Thursday 11 June 2015

Economic Myths: Profit maximisation

Exhibit A: from Wikipedia:

In economics, profit maximization is the short run or long run process by which a firm determines the price and output level that returns the greatest profit.

Which is of course not a myth at all. By trial and error and on the basis of very incomplete information, this is what businesses do - they tweak price and/or output levels.

Clearly, there is a sliding scale between perfect competition, where the market sets the price and all you can do is vary output levels; and a monopoly or cartel situation, where you can choose the best price/output combination to maximise profits.

It appears that the UK land bankers home builders have discovered that their profit maximising output level is somewhere in the region of 120,000 - 150,000 new residential units per year; they know that their own inputs (skilled labour, building materials) are price-insensitive, so an increase in demand for those means that their costs would go up disproportionately and profits would go down.

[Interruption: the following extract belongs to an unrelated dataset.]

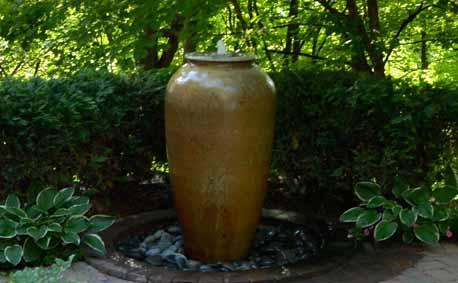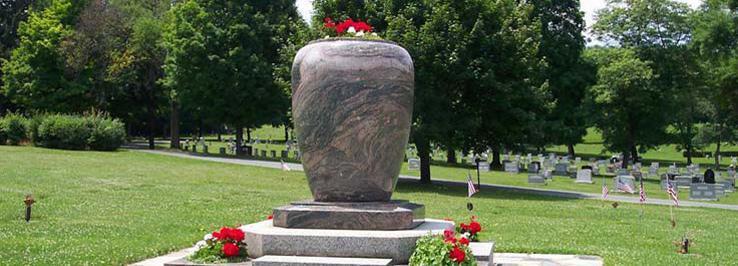The first image is the image on the left, the second image is the image on the right. Assess this claim about the two images: "There is a vase that holds a water  fountain .". Correct or not? Answer yes or no. Yes. The first image is the image on the left, the second image is the image on the right. Given the left and right images, does the statement "One image includes a shiny greenish vessel used as an outdoor fountain, and the other image shows a flower-filled stone-look planter with a pedestal base." hold true? Answer yes or no. Yes. 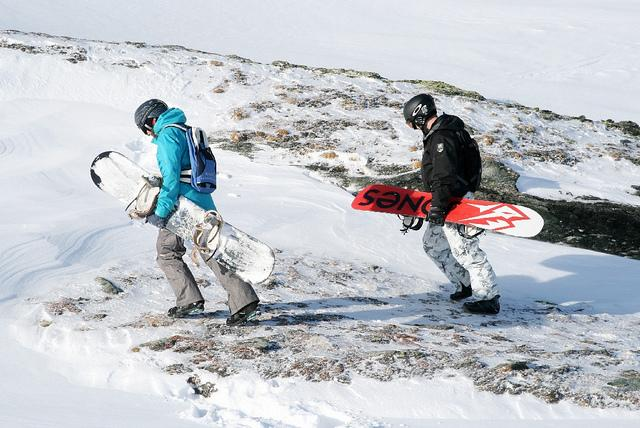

Fair enough.

Exhibit 2: So why do all the Faux Libertarian twats in the City AM believe that if we "liberalise planning laws" that they will suddenly increase output? Why would they?

Which is why the six largest home builders own enough land with planning or outline planning for eight years' supply. If the government gave them planning permission for another million units or another ten million units, this would not change their profit-maximising level of output by a single unit.

(Of course, the whole notion that increasing supply of housing in high demand/high price areas would reduce house prices overall is nonsense anyway - there is simply no evidence for it or else house/land prices in large cities would be lower than in the countryside and they would be giving away apartments on Manhattan for free.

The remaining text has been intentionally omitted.